Hey I have a FreeBSD system (my main system) that has all my movies and music on it.  I just inherited a relative's old Pentium 4 computer and I have put FreeBSD on it.  I was able to set up an NFS server on my main system and share the movies and music with this new Pentium 4 system.  However, when I try to watch any movies on the client machine, it jerks and lags, which I assume is related to the speed of the network.  Both machines are connected to my ISP router, both are "100baseTX full-duplex".  Is there a way to make it so it does not lag?  Thanks in advance.


----------



## fonz (Jan 16, 2013)

Grell said:
			
		

> Is there a way to make it so it does not lag?


I hope that someone else can help you with upping NFS performance, but failing that perhaps you could consider _streaming_ instead of NFS exporting. My experience is that NFS works ok for smaller files like MP3, but it performs insufficiently for the much larger files that movies usually are. NFS is not without overhead.

Fonz


----------



## jrm@ (Jan 16, 2013)

What kind of read speeds are you getting?  `% time cp /mnt/nfs_shared_movie_dir/bigmovie /local_tmp/`

After you copy the movie over and play it from a local folder does it plays OK?

What does top say when you are playing the movie from the nfs share?

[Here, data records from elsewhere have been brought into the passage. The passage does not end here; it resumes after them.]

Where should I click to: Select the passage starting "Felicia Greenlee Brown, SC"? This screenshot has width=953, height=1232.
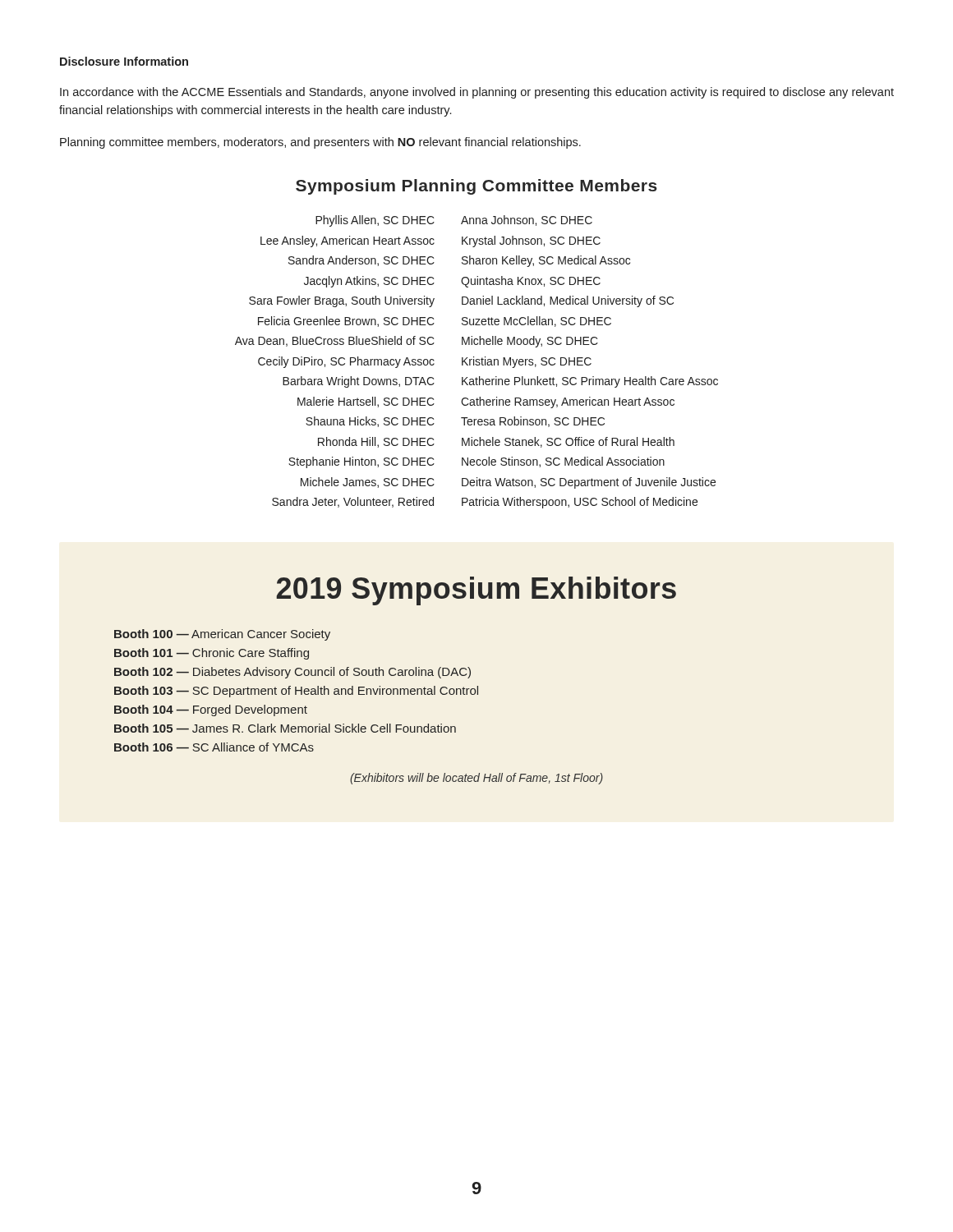point(346,321)
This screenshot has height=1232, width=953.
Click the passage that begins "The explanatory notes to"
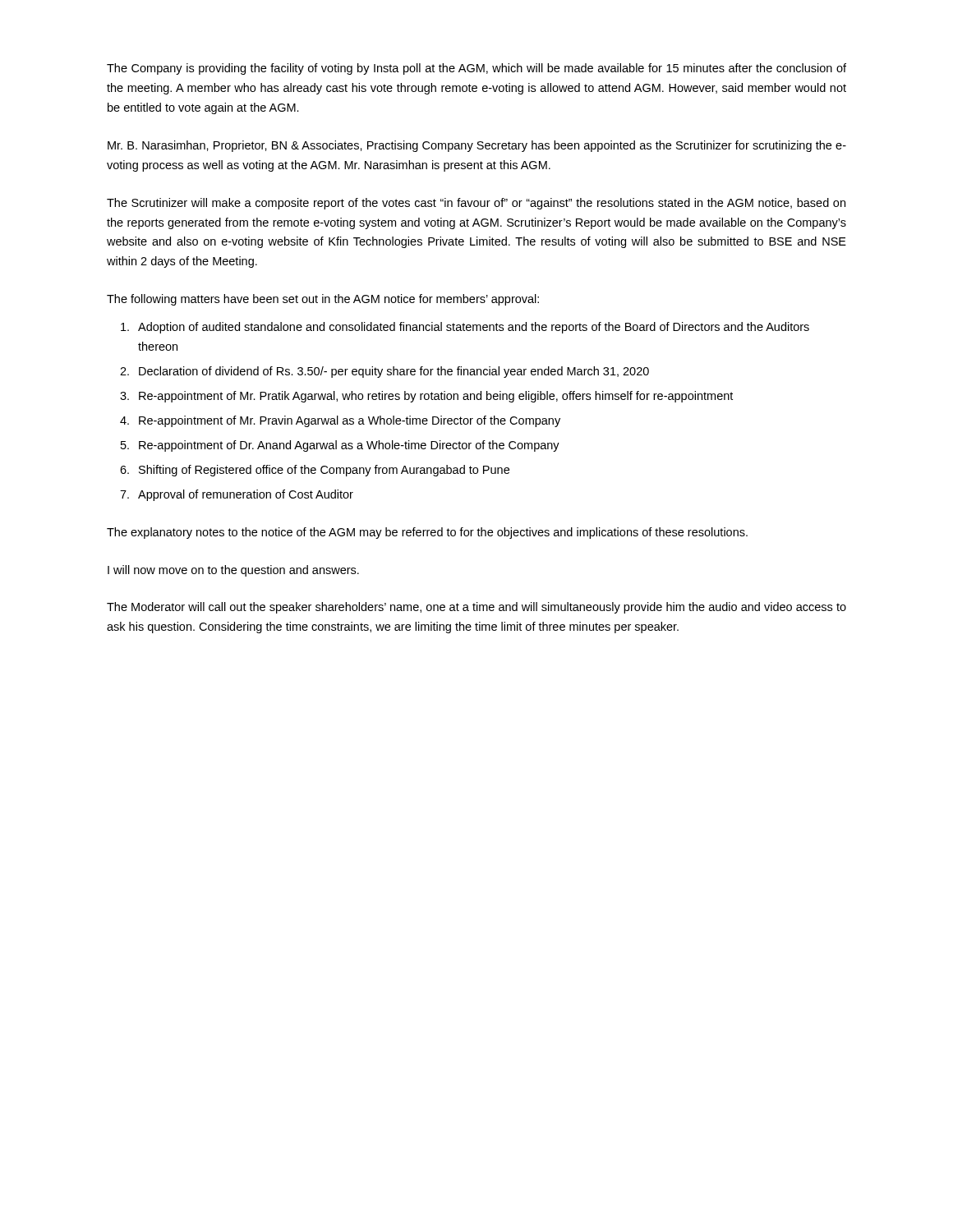(x=428, y=532)
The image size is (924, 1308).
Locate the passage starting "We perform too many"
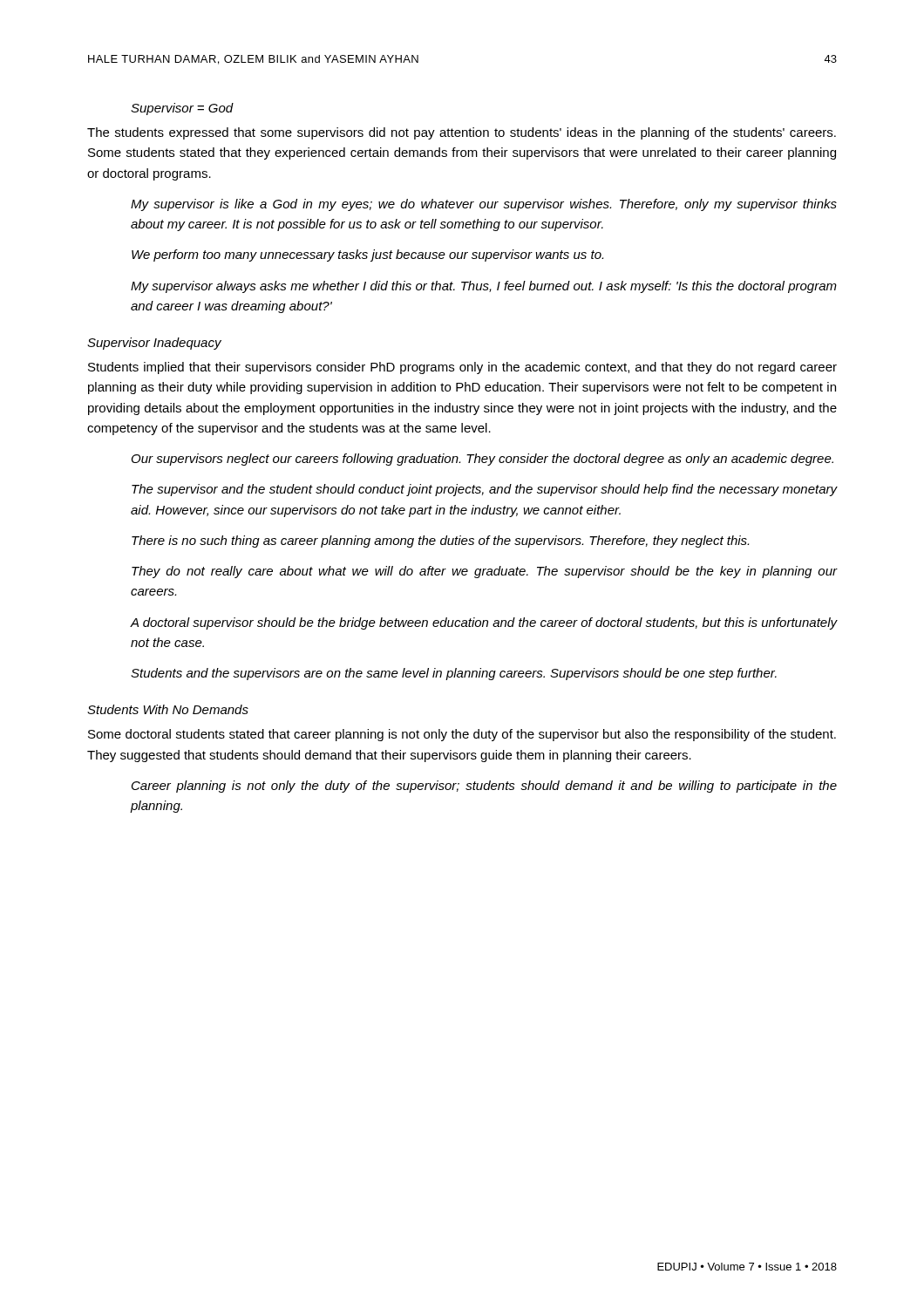click(368, 254)
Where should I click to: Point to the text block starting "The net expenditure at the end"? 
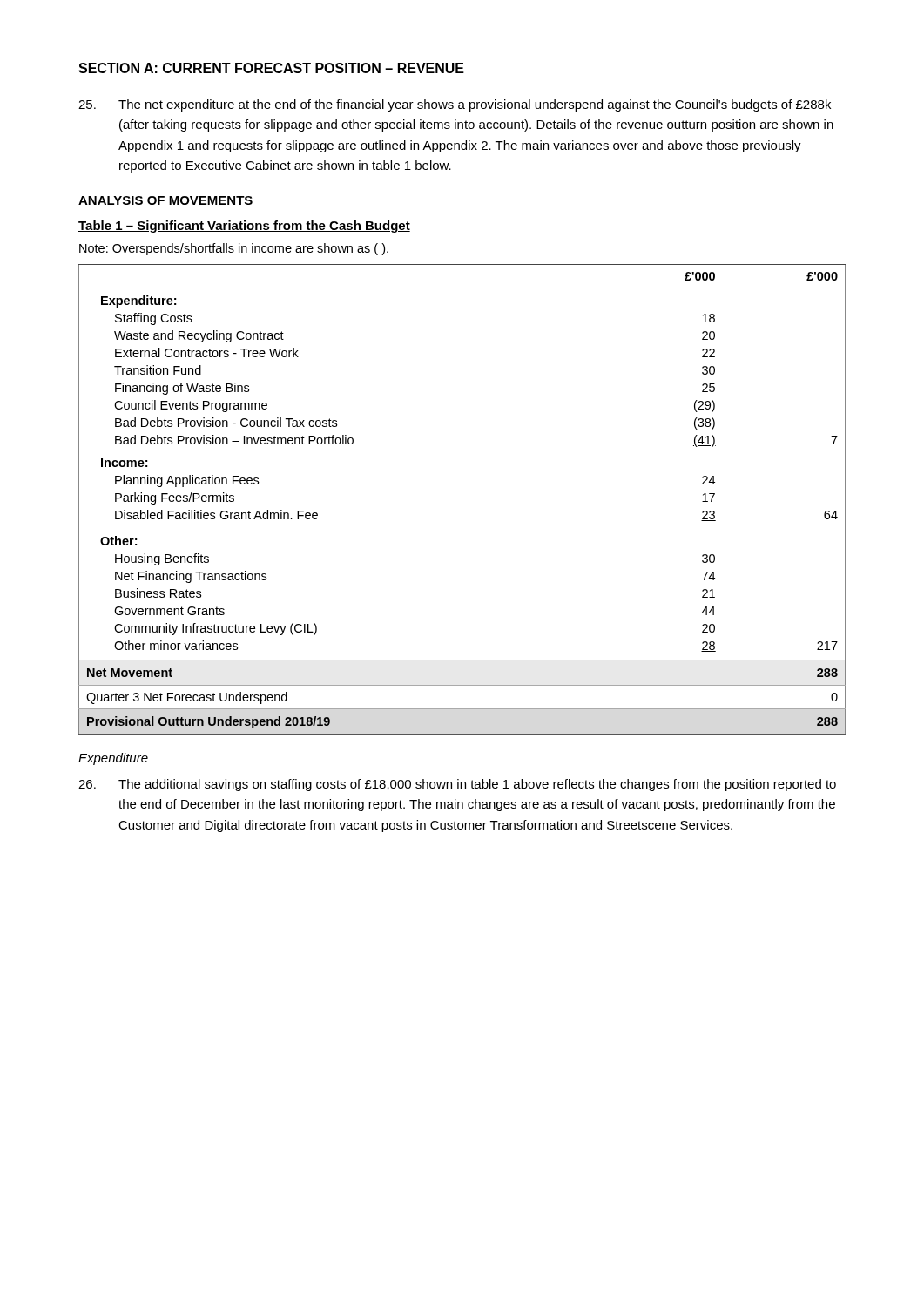462,135

What nfs version?  What is the main server running?  If it's also running FreeBSD and it's sharing a zfs filesystem, you could consider an l2arc on an SSD.


----------



## phoenix (Jan 17, 2013)

Please post /etc/exports and /etc/rc.conf. There are several ways to optimise NFS, but we need to see what you have so far.


----------



## jrm@ (Jan 17, 2013)

The relevant parts of /etc/fstab on the client are also helpful (or /etc/amd.map if you are using the automount daemon).


----------



## SirDice (Jan 17, 2013)

It may just be NFS as I've successfully shared FullHD movies, with DTS audio, over a 100Mbit network. But I used net/samba36 for that.

The jerking and lagging may also be caused by the client. If it doesn't have a good videocard or if it's not powerful enough.


----------